_DESCRIPTION OF THE TASK:_ Everything in the records should be repeated exactly, down to the last character.

—————

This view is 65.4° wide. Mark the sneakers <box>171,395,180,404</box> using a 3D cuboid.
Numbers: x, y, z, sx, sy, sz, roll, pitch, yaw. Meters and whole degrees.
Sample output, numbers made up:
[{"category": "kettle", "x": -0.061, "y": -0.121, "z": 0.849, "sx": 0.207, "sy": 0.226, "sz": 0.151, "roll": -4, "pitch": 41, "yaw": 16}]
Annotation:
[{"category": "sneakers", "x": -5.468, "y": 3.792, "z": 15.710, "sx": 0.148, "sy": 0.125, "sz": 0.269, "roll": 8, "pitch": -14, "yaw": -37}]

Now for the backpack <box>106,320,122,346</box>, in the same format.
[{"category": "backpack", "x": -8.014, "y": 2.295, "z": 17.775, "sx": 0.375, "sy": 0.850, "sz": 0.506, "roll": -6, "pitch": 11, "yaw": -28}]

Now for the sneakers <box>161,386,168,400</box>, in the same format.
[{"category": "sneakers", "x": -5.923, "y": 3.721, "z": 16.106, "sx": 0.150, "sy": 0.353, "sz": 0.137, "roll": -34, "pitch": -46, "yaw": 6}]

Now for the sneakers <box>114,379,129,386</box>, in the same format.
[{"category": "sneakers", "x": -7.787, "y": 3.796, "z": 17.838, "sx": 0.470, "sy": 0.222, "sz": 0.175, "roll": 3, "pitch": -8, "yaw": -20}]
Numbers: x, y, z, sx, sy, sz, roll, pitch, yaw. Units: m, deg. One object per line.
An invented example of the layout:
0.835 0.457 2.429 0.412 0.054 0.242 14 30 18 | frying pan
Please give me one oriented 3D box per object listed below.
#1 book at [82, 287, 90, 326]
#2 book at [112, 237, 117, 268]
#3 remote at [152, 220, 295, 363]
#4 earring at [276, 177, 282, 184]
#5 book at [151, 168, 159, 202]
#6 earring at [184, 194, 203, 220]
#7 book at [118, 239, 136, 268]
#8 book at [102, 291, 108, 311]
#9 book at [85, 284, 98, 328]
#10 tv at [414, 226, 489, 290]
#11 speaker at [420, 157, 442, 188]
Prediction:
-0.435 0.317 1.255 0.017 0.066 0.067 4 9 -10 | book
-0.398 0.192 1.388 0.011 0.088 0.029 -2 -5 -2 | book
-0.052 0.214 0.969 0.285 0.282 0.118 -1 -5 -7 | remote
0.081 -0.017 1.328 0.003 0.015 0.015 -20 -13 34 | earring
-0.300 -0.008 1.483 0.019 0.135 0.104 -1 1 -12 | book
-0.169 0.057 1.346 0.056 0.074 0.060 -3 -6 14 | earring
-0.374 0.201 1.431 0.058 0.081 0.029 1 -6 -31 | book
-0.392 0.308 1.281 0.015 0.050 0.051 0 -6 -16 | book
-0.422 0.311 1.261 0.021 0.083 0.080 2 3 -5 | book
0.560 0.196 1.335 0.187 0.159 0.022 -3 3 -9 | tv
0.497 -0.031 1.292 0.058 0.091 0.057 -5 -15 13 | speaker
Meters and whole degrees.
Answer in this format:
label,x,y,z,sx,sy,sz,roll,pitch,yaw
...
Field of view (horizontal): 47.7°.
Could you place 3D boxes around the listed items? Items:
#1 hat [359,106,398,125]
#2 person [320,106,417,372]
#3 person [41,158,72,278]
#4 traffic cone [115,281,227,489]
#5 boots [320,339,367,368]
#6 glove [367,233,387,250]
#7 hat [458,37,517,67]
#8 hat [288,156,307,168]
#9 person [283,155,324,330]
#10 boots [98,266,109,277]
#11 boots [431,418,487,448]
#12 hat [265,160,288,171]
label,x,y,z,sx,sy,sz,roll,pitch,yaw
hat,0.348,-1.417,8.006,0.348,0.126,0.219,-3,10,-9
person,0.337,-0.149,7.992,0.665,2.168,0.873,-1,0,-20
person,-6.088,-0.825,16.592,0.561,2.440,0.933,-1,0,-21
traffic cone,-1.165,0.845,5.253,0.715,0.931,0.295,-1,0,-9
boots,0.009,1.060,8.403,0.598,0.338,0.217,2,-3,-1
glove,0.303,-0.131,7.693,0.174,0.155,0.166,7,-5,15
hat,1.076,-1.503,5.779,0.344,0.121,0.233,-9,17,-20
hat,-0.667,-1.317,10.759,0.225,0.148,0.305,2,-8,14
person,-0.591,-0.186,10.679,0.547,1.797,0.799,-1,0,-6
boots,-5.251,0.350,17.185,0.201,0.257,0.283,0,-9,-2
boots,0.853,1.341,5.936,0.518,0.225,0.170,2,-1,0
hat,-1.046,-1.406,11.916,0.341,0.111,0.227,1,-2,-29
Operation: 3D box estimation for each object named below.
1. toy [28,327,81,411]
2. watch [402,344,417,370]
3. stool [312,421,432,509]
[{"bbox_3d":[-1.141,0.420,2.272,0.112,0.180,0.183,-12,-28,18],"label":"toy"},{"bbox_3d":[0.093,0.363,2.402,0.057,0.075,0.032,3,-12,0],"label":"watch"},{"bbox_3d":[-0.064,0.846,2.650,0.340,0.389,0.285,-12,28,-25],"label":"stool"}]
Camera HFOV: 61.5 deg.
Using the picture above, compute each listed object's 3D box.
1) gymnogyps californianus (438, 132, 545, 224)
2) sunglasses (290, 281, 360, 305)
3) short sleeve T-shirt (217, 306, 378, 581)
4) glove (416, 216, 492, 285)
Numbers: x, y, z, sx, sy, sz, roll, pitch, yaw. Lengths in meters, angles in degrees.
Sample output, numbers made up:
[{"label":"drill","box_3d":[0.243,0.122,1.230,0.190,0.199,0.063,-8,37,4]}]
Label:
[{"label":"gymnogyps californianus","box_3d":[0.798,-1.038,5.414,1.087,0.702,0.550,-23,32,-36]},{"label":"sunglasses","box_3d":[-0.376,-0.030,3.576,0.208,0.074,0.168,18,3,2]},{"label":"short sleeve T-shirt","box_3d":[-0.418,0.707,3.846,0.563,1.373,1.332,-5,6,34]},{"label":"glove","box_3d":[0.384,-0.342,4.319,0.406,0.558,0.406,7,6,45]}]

—————

_SOLUTION BELOW:_
This view is 65.4° wide. Mark the sneakers <box>171,395,180,404</box> using a 3D cuboid.
Numbers: x, y, z, sx, sy, sz, roll, pitch, yaw. Meters and whole degrees.
Sample output, numbers made up:
[{"category": "kettle", "x": -0.061, "y": -0.121, "z": 0.849, "sx": 0.207, "sy": 0.226, "sz": 0.151, "roll": -4, "pitch": 41, "yaw": 16}]
Annotation:
[{"category": "sneakers", "x": -5.468, "y": 3.792, "z": 15.710, "sx": 0.148, "sy": 0.125, "sz": 0.269, "roll": 8, "pitch": -14, "yaw": -37}]

Now for the backpack <box>106,320,122,346</box>, in the same format.
[{"category": "backpack", "x": -8.014, "y": 2.295, "z": 17.775, "sx": 0.375, "sy": 0.850, "sz": 0.506, "roll": -6, "pitch": 11, "yaw": -28}]

Now for the sneakers <box>161,386,168,400</box>, in the same format.
[{"category": "sneakers", "x": -5.923, "y": 3.721, "z": 16.106, "sx": 0.150, "sy": 0.353, "sz": 0.137, "roll": -34, "pitch": -46, "yaw": 6}]

Now for the sneakers <box>114,379,129,386</box>, in the same format.
[{"category": "sneakers", "x": -7.787, "y": 3.796, "z": 17.838, "sx": 0.470, "sy": 0.222, "sz": 0.175, "roll": 3, "pitch": -8, "yaw": -20}]
Numbers: x, y, z, sx, sy, sz, roll, pitch, yaw. Units: m, deg. One object per line.
An invented example of the layout:
0.835 0.457 2.429 0.412 0.054 0.242 14 30 18 | frying pan
Please give me one oriented 3D box per object listed below.
#1 book at [82, 287, 90, 326]
#2 book at [112, 237, 117, 268]
#3 remote at [152, 220, 295, 363]
#4 earring at [276, 177, 282, 184]
#5 book at [151, 168, 159, 202]
#6 earring at [184, 194, 203, 220]
#7 book at [118, 239, 136, 268]
#8 book at [102, 291, 108, 311]
#9 book at [85, 284, 98, 328]
#10 tv at [414, 226, 489, 290]
#11 speaker at [420, 157, 442, 188]
Prediction:
-0.435 0.317 1.255 0.017 0.066 0.067 4 9 -10 | book
-0.398 0.192 1.388 0.011 0.088 0.029 -2 -5 -2 | book
-0.052 0.214 0.969 0.285 0.282 0.118 -1 -5 -7 | remote
0.081 -0.017 1.328 0.003 0.015 0.015 -20 -13 34 | earring
-0.300 -0.008 1.483 0.019 0.135 0.104 -1 1 -12 | book
-0.169 0.057 1.346 0.056 0.074 0.060 -3 -6 14 | earring
-0.374 0.201 1.431 0.058 0.081 0.029 1 -6 -31 | book
-0.392 0.308 1.281 0.015 0.050 0.051 0 -6 -16 | book
-0.422 0.311 1.261 0.021 0.083 0.080 2 3 -5 | book
0.560 0.196 1.335 0.187 0.159 0.022 -3 3 -9 | tv
0.497 -0.031 1.292 0.058 0.091 0.057 -5 -15 13 | speaker
Meters and whole degrees.
Answer in this format:
label,x,y,z,sx,sy,sz,roll,pitch,yaw
...
Field of view (horizontal): 47.7°.
Could you place 3D boxes around the listed items? Items:
#1 hat [359,106,398,125]
#2 person [320,106,417,372]
#3 person [41,158,72,278]
#4 traffic cone [115,281,227,489]
#5 boots [320,339,367,368]
#6 glove [367,233,387,250]
#7 hat [458,37,517,67]
#8 hat [288,156,307,168]
#9 person [283,155,324,330]
#10 boots [98,266,109,277]
#11 boots [431,418,487,448]
#12 hat [265,160,288,171]
label,x,y,z,sx,sy,sz,roll,pitch,yaw
hat,0.348,-1.417,8.006,0.348,0.126,0.219,-3,10,-9
person,0.337,-0.149,7.992,0.665,2.168,0.873,-1,0,-20
person,-6.088,-0.825,16.592,0.561,2.440,0.933,-1,0,-21
traffic cone,-1.165,0.845,5.253,0.715,0.931,0.295,-1,0,-9
boots,0.009,1.060,8.403,0.598,0.338,0.217,2,-3,-1
glove,0.303,-0.131,7.693,0.174,0.155,0.166,7,-5,15
hat,1.076,-1.503,5.779,0.344,0.121,0.233,-9,17,-20
hat,-0.667,-1.317,10.759,0.225,0.148,0.305,2,-8,14
person,-0.591,-0.186,10.679,0.547,1.797,0.799,-1,0,-6
boots,-5.251,0.350,17.185,0.201,0.257,0.283,0,-9,-2
boots,0.853,1.341,5.936,0.518,0.225,0.170,2,-1,0
hat,-1.046,-1.406,11.916,0.341,0.111,0.227,1,-2,-29
Operation: 3D box estimation for each object named below.
1. toy [28,327,81,411]
2. watch [402,344,417,370]
3. stool [312,421,432,509]
[{"bbox_3d":[-1.141,0.420,2.272,0.112,0.180,0.183,-12,-28,18],"label":"toy"},{"bbox_3d":[0.093,0.363,2.402,0.057,0.075,0.032,3,-12,0],"label":"watch"},{"bbox_3d":[-0.064,0.846,2.650,0.340,0.389,0.285,-12,28,-25],"label":"stool"}]
Camera HFOV: 61.5 deg.
Using the picture above, compute each listed object's 3D box.
1) gymnogyps californianus (438, 132, 545, 224)
2) sunglasses (290, 281, 360, 305)
3) short sleeve T-shirt (217, 306, 378, 581)
4) glove (416, 216, 492, 285)
Numbers: x, y, z, sx, sy, sz, roll, pitch, yaw. Lengths in meters, angles in degrees.
Sample output, numbers made up:
[{"label":"drill","box_3d":[0.243,0.122,1.230,0.190,0.199,0.063,-8,37,4]}]
Label:
[{"label":"gymnogyps californianus","box_3d":[0.798,-1.038,5.414,1.087,0.702,0.550,-23,32,-36]},{"label":"sunglasses","box_3d":[-0.376,-0.030,3.576,0.208,0.074,0.168,18,3,2]},{"label":"short sleeve T-shirt","box_3d":[-0.418,0.707,3.846,0.563,1.373,1.332,-5,6,34]},{"label":"glove","box_3d":[0.384,-0.342,4.319,0.406,0.558,0.406,7,6,45]}]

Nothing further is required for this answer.